— ASSIGNMENT —
Reproduce nothing but the lines from the start of the material through the line that includes "Could you give", both ends included, and omit every picture.

[Start of Attachment]

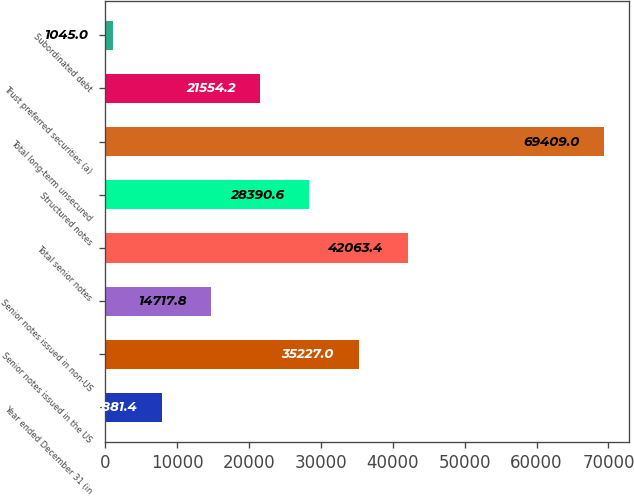Convert chart to OTSL. <chart><loc_0><loc_0><loc_500><loc_500><bar_chart><fcel>Year ended December 31 (in<fcel>Senior notes issued in the US<fcel>Senior notes issued in non-US<fcel>Total senior notes<fcel>Structured notes<fcel>Total long-term unsecured<fcel>Trust preferred securities (a)<fcel>Subordinated debt<nl><fcel>7881.4<fcel>35227<fcel>14717.8<fcel>42063.4<fcel>28390.6<fcel>69409<fcel>21554.2<fcel>1045<nl></chart> 
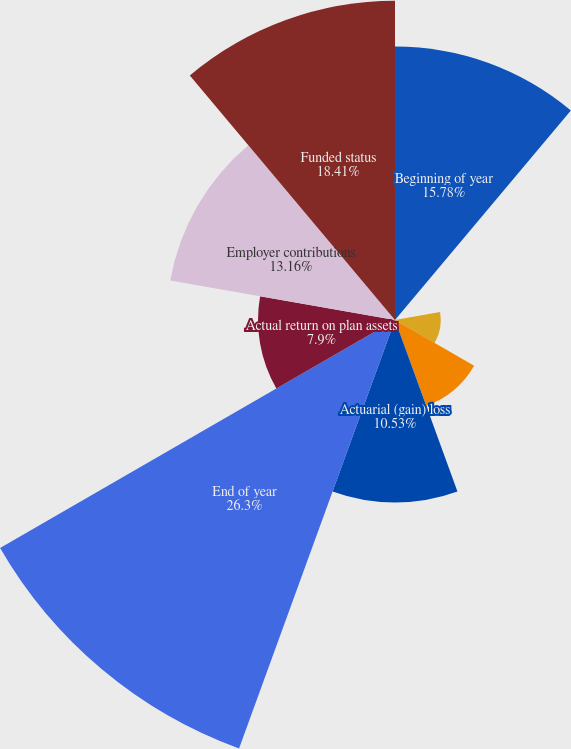Convert chart. <chart><loc_0><loc_0><loc_500><loc_500><pie_chart><fcel>Beginning of year<fcel>Service cost<fcel>Interest cost<fcel>Benefits paid<fcel>Actuarial (gain) loss<fcel>End of year<fcel>Actual return on plan assets<fcel>Employer contributions<fcel>Funded status<nl><fcel>15.78%<fcel>0.01%<fcel>2.64%<fcel>5.27%<fcel>10.53%<fcel>26.3%<fcel>7.9%<fcel>13.16%<fcel>18.41%<nl></chart> 
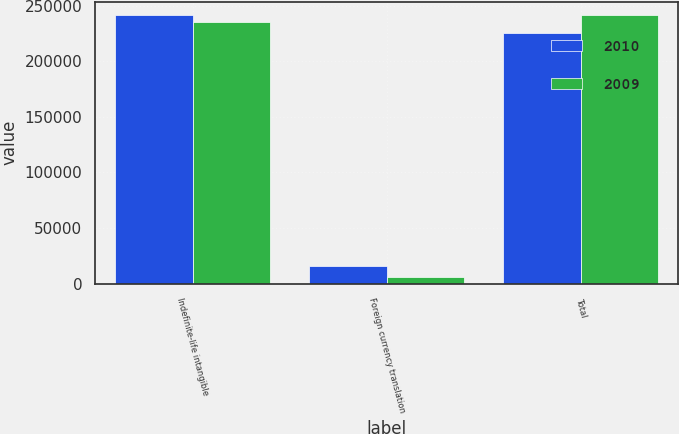<chart> <loc_0><loc_0><loc_500><loc_500><stacked_bar_chart><ecel><fcel>Indefinite-life intangible<fcel>Foreign currency translation<fcel>Total<nl><fcel>2010<fcel>241563<fcel>15884<fcel>225679<nl><fcel>2009<fcel>235610<fcel>5953<fcel>241563<nl></chart> 
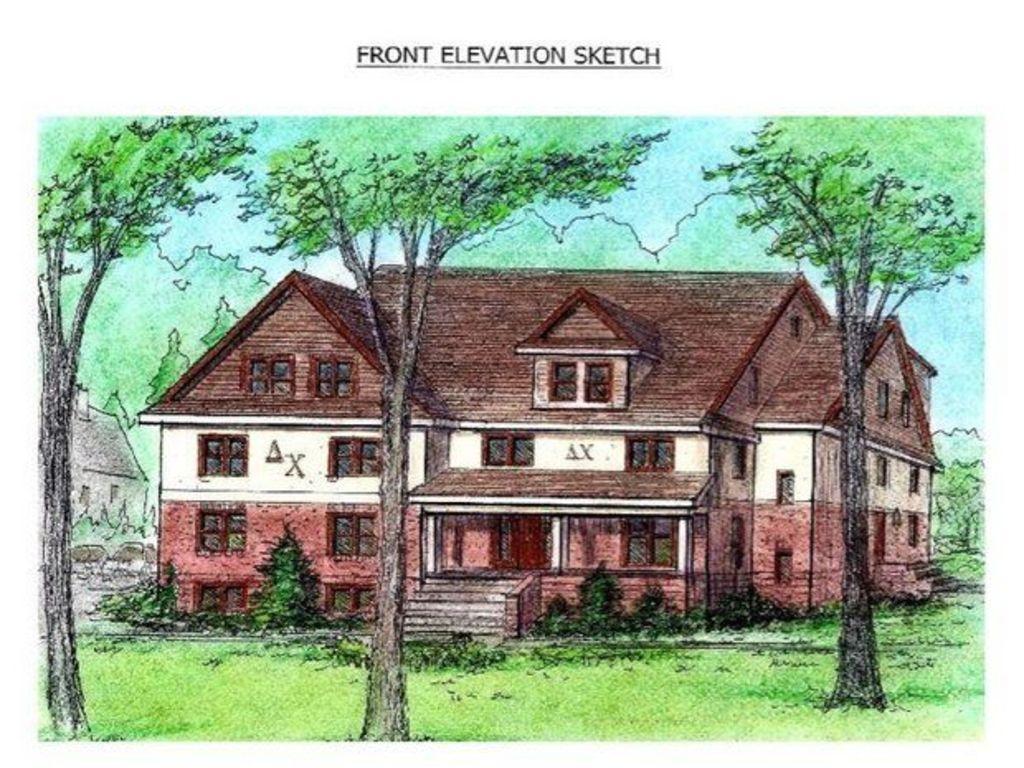Could you give a brief overview of what you see in this image? There is a drawing of trees, grass and a building which has stairs, door and windows. 
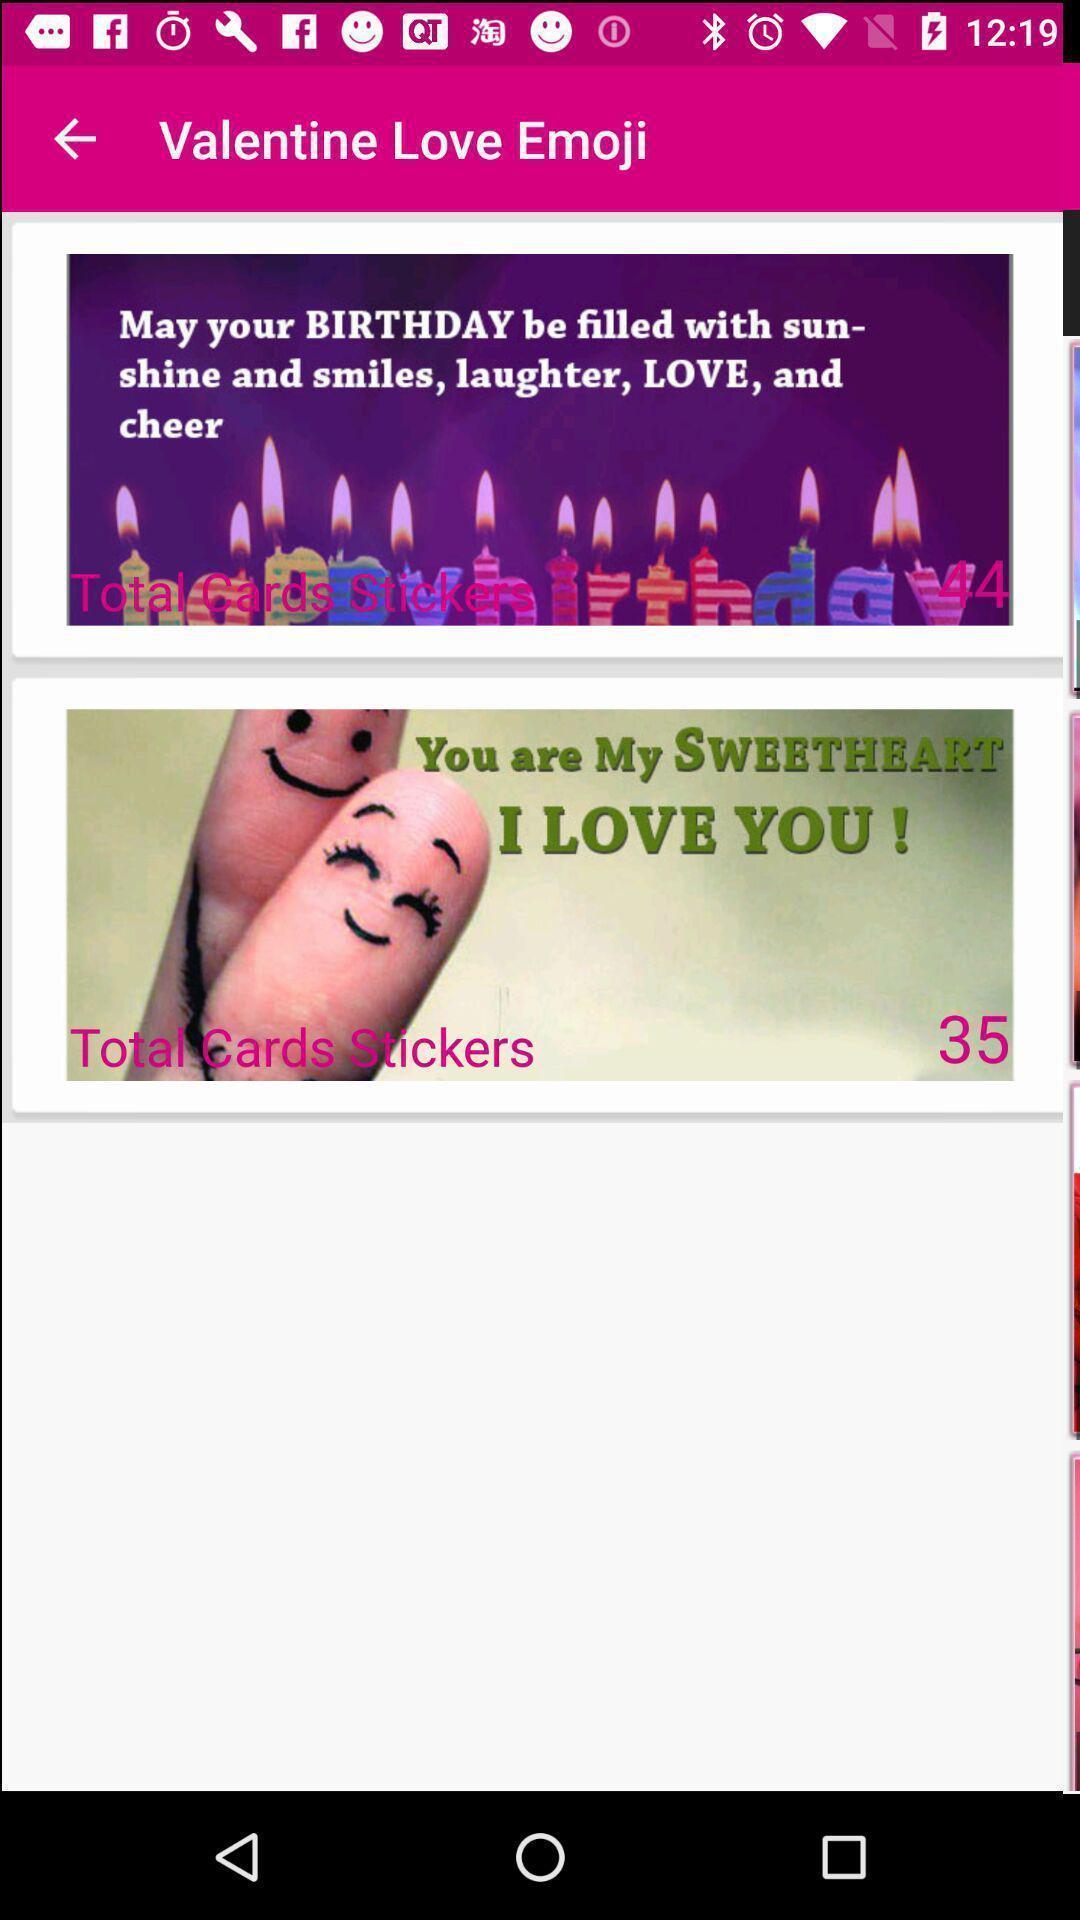What is the overall content of this screenshot? Screen showing stickers. 
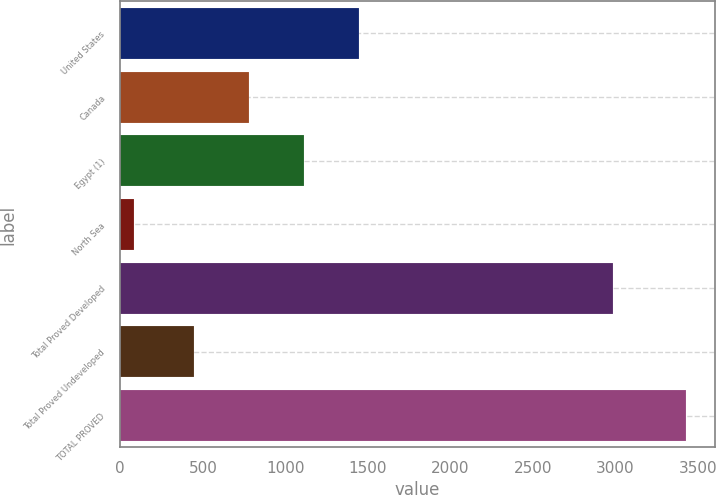<chart> <loc_0><loc_0><loc_500><loc_500><bar_chart><fcel>United States<fcel>Canada<fcel>Egypt (1)<fcel>North Sea<fcel>Total Proved Developed<fcel>Total Proved Undeveloped<fcel>TOTAL PROVED<nl><fcel>1448.2<fcel>779.4<fcel>1113.8<fcel>86<fcel>2985<fcel>445<fcel>3430<nl></chart> 
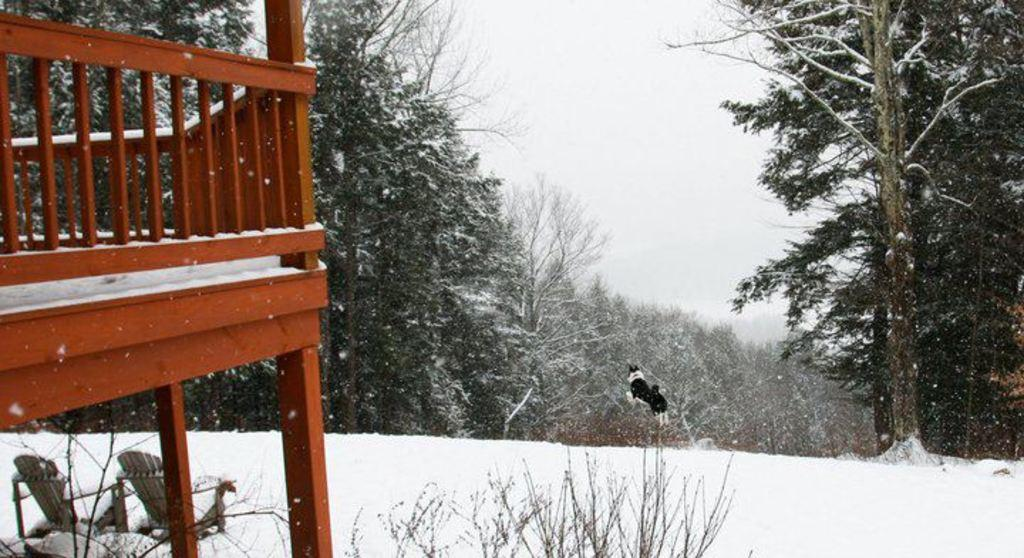What animal can be seen in the image? There is a dog in the image. What is the dog doing in the image? The dog is jumping in the air. What objects are on the left side of the image? There are chairs and a wooden fence on the left side of the image. What type of vegetation is present on the left side of the image? There are plants on the left side of the image. What can be seen in the background of the image? There are trees and the sky visible in the background of the image. What is covering the ground in the image? The ground is covered in snow. What type of milk is being poured into the representative's cup in the image? There is no representative or milk present in the image. 
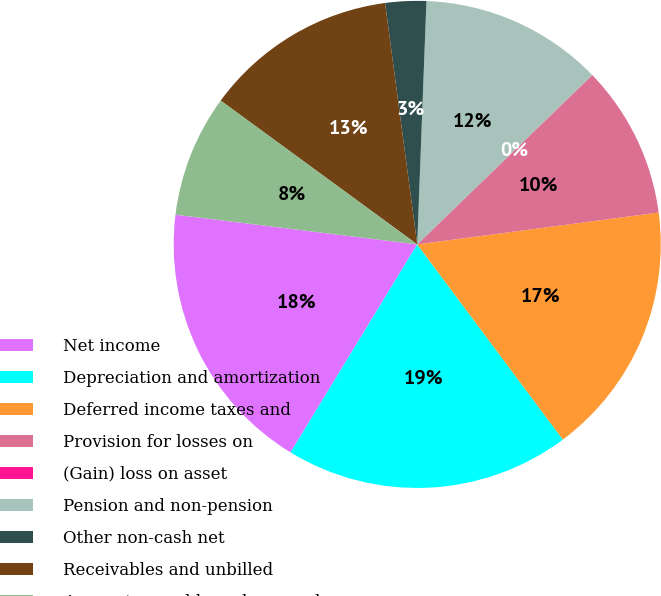Convert chart. <chart><loc_0><loc_0><loc_500><loc_500><pie_chart><fcel>Net income<fcel>Depreciation and amortization<fcel>Deferred income taxes and<fcel>Provision for losses on<fcel>(Gain) loss on asset<fcel>Pension and non-pension<fcel>Other non-cash net<fcel>Receivables and unbilled<fcel>Accounts payable and accrued<nl><fcel>18.24%<fcel>18.91%<fcel>16.89%<fcel>10.14%<fcel>0.01%<fcel>12.16%<fcel>2.71%<fcel>12.84%<fcel>8.11%<nl></chart> 
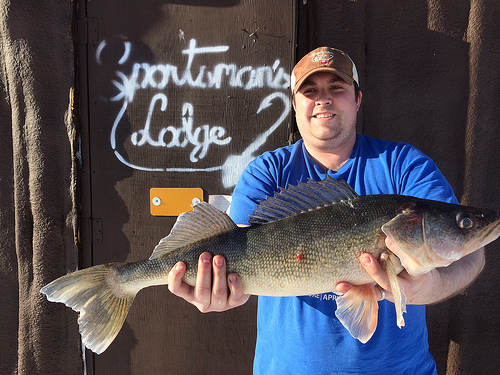<image>
Is there a tees behind the fish? Yes. From this viewpoint, the tees is positioned behind the fish, with the fish partially or fully occluding the tees. 
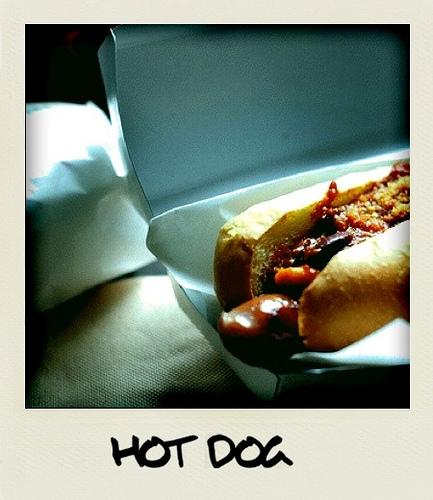What does the writing on the bottom say?
Short answer required. Hot dog. Is this a hot dog?
Concise answer only. Yes. Are there onions on the hot dog?
Give a very brief answer. No.

[End of Attachment]

— SOLUTION FOR THIS TASK —
Convert chart to OTSL. <chart><loc_0><loc_0><loc_500><loc_500><bar_chart><fcel>Year ended December 31 (in<fcel>Senior notes issued in the US<fcel>Senior notes issued in non-US<fcel>Total senior notes<fcel>Structured notes<fcel>Total long-term unsecured<fcel>Trust preferred securities (a)<fcel>Subordinated debt<nl><fcel>7881.4<fcel>35227<fcel>14717.8<fcel>42063.4<fcel>28390.6<fcel>69409<fcel>21554.2<fcel>1045<nl></chart> 
Convert chart. <chart><loc_0><loc_0><loc_500><loc_500><pie_chart><fcel>Beginning of year<fcel>Service cost<fcel>Interest cost<fcel>Benefits paid<fcel>Actuarial (gain) loss<fcel>End of year<fcel>Actual return on plan assets<fcel>Employer contributions<fcel>Funded status<nl><fcel>15.78%<fcel>0.01%<fcel>2.64%<fcel>5.27%<fcel>10.53%<fcel>26.3%<fcel>7.9%<fcel>13.16%<fcel>18.41%<nl></chart> 
<chart> <loc_0><loc_0><loc_500><loc_500><stacked_bar_chart><ecel><fcel>Indefinite-life intangible<fcel>Foreign currency translation<fcel>Total<nl><fcel>2010<fcel>241563<fcel>15884<fcel>225679<nl><fcel>2009<fcel>235610<fcel>5953<fcel>241563<nl></chart> 
Could you give a brief overview of what you see in this image? There is a drawing of trees, grass and a building which has stairs, door and windows. 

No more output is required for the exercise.